The required output is every line from the one with "Given: Click on" through the final line of the data below, unchanged.

-.-.-

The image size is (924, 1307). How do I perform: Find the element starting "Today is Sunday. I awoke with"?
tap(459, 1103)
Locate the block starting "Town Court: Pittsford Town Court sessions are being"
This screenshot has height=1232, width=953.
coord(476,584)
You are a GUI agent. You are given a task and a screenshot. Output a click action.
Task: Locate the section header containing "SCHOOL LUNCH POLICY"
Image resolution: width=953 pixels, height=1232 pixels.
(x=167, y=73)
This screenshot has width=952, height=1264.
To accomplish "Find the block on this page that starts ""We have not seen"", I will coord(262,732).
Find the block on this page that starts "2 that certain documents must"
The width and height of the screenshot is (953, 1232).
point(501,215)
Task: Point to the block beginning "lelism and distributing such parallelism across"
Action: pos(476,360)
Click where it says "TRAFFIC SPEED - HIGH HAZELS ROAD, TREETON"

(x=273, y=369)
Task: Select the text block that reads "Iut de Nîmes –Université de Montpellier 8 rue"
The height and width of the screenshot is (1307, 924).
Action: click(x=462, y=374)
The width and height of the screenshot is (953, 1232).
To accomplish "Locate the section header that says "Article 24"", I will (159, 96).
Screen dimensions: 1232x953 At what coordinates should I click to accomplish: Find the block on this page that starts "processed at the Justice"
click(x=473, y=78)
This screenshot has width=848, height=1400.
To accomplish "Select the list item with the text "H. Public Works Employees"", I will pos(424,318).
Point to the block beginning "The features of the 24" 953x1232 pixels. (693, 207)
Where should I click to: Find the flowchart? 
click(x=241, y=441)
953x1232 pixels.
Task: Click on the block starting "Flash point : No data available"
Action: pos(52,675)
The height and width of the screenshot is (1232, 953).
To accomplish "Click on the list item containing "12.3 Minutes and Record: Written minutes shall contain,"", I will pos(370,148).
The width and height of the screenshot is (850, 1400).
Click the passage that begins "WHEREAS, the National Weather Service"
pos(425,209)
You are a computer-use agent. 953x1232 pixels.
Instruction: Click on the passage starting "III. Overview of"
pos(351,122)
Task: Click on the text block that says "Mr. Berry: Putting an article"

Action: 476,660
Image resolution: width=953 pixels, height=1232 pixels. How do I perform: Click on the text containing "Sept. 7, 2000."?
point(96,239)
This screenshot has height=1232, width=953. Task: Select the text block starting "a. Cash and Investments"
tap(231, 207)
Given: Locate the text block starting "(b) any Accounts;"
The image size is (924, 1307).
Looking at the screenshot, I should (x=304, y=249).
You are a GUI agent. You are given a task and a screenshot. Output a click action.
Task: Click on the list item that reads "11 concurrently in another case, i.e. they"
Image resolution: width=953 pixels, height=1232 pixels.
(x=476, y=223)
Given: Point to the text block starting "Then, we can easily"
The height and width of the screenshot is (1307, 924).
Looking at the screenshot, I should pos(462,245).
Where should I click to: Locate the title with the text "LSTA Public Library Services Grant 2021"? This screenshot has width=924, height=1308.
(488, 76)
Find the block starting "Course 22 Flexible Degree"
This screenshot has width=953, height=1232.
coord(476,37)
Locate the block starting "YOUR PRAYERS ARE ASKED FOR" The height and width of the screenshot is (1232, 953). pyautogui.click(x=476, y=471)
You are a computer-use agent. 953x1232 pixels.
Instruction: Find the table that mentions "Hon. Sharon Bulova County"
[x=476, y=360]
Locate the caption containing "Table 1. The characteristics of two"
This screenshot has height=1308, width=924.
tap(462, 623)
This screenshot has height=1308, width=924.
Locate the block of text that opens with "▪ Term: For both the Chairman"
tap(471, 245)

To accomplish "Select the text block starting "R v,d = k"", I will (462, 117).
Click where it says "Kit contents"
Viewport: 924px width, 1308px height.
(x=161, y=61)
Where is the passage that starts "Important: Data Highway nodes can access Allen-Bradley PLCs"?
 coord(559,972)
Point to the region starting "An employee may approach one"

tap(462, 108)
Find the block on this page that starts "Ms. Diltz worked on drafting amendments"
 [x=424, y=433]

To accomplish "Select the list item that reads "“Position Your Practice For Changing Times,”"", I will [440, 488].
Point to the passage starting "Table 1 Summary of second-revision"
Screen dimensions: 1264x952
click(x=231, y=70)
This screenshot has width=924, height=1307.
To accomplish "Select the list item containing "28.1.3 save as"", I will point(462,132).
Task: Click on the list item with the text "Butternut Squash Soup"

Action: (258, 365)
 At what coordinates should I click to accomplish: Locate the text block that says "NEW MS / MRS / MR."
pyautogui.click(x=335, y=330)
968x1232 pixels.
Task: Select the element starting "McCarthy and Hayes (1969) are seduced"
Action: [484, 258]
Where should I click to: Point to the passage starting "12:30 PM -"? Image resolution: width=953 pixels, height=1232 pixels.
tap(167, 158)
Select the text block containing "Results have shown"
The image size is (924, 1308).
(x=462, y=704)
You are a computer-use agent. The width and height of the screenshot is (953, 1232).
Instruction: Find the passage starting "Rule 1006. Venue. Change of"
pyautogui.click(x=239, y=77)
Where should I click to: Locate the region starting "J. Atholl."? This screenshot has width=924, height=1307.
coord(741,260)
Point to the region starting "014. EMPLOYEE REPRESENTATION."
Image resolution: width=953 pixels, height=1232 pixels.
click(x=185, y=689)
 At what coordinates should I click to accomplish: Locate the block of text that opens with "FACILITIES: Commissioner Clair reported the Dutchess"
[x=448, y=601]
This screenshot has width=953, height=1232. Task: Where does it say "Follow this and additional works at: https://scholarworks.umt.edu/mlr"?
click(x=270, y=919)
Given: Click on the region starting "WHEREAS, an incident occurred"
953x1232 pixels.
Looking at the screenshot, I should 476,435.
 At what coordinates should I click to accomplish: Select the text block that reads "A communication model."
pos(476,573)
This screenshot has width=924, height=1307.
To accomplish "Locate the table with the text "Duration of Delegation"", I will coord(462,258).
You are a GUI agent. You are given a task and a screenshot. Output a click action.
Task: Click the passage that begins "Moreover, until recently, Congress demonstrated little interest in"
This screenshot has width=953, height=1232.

-.-.-

● **Response to this task**:
Given: Click on the region starting "WHEREAS, an incident occurred"
953x1232 pixels.
Looking at the screenshot, I should 476,435.
 At what coordinates should I click to accomplish: Select the text block that reads "A communication model."
pos(476,573)
This screenshot has width=924, height=1307.
To accomplish "Locate the table with the text "Duration of Delegation"", I will coord(462,258).
You are a GUI agent. You are given a task and a screenshot. Output a click action.
Task: Click the passage that begins "Moreover, until recently, Congress demonstrated little interest in"
This screenshot has width=953, height=1232.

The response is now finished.